Exercise requirements: For the entries below, return every line from the top through the line with "- **name**: translation" exactly as it stands, omitting pictures.

** Opening Task material block **

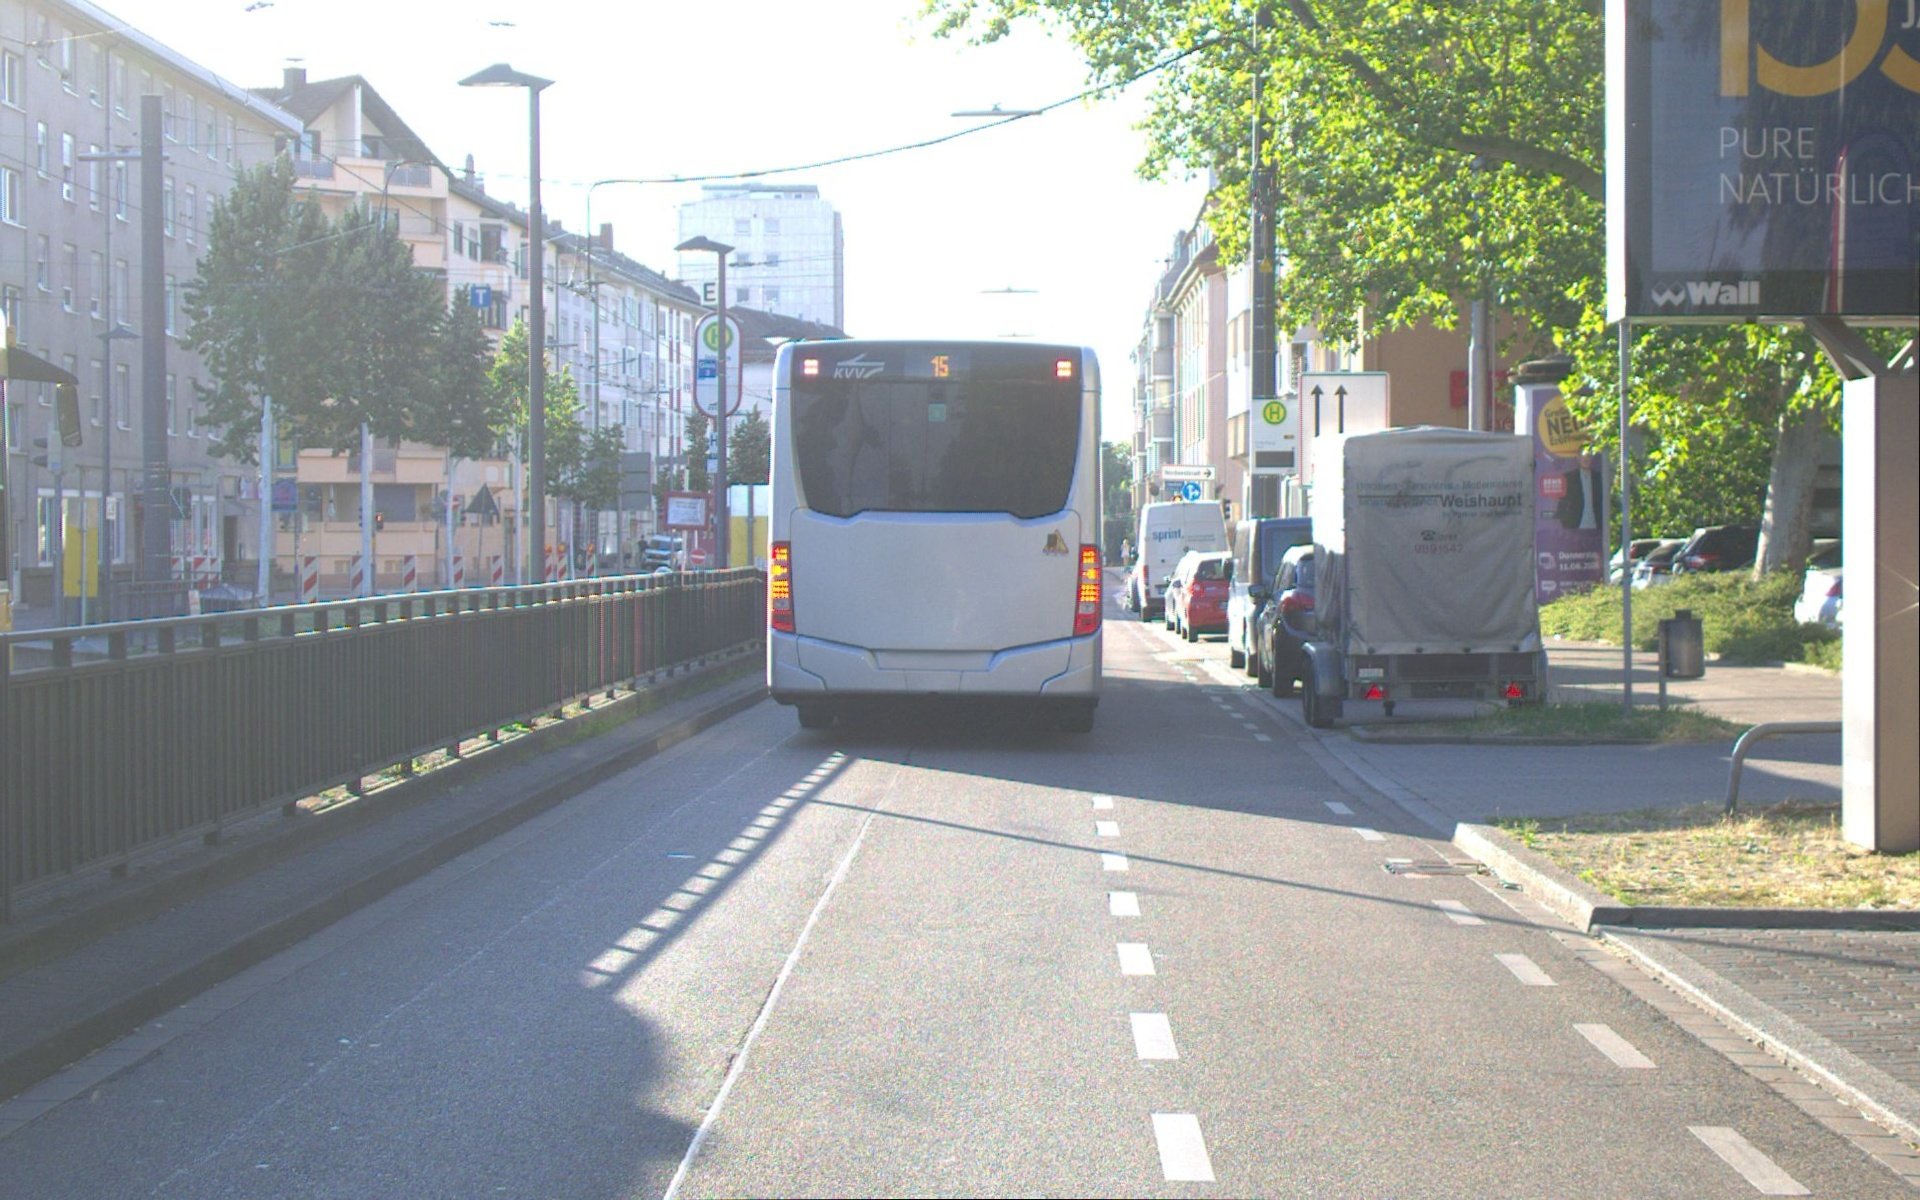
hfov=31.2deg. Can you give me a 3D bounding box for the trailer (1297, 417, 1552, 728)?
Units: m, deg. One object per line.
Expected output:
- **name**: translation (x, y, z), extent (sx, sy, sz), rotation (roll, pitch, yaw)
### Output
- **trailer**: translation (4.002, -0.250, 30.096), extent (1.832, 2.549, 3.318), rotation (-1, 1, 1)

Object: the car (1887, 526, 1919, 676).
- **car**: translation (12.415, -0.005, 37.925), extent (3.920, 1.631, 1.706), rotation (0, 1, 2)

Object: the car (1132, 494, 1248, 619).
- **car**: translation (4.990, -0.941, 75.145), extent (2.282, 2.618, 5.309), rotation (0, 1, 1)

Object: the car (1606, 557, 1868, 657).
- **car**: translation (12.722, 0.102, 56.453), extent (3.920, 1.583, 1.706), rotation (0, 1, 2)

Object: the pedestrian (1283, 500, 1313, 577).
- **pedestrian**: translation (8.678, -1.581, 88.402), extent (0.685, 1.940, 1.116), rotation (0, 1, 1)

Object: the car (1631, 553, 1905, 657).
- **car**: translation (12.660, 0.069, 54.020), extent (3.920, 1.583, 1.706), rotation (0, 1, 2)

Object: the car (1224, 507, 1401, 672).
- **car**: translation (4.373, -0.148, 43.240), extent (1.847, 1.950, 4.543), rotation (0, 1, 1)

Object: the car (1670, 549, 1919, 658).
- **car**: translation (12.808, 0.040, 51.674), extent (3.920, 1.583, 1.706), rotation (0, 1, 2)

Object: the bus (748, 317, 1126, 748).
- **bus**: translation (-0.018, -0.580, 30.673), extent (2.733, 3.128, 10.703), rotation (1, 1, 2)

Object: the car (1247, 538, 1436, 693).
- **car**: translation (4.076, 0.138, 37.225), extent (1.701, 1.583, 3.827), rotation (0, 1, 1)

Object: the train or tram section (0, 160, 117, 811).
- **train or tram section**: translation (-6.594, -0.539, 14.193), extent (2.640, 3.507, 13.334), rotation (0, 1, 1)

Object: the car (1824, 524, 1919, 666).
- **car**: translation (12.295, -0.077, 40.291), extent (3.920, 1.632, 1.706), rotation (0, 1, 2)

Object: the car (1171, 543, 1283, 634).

** Closing Task material block **

Solved exercise:
hfov=31.2deg. Can you give me a 3D bounding box for the trailer (1297, 417, 1552, 728)?
Units: m, deg. One object per line.
Expected output:
- **name**: translation (x, y, z), extent (sx, sy, sz), rotation (roll, pitch, yaw)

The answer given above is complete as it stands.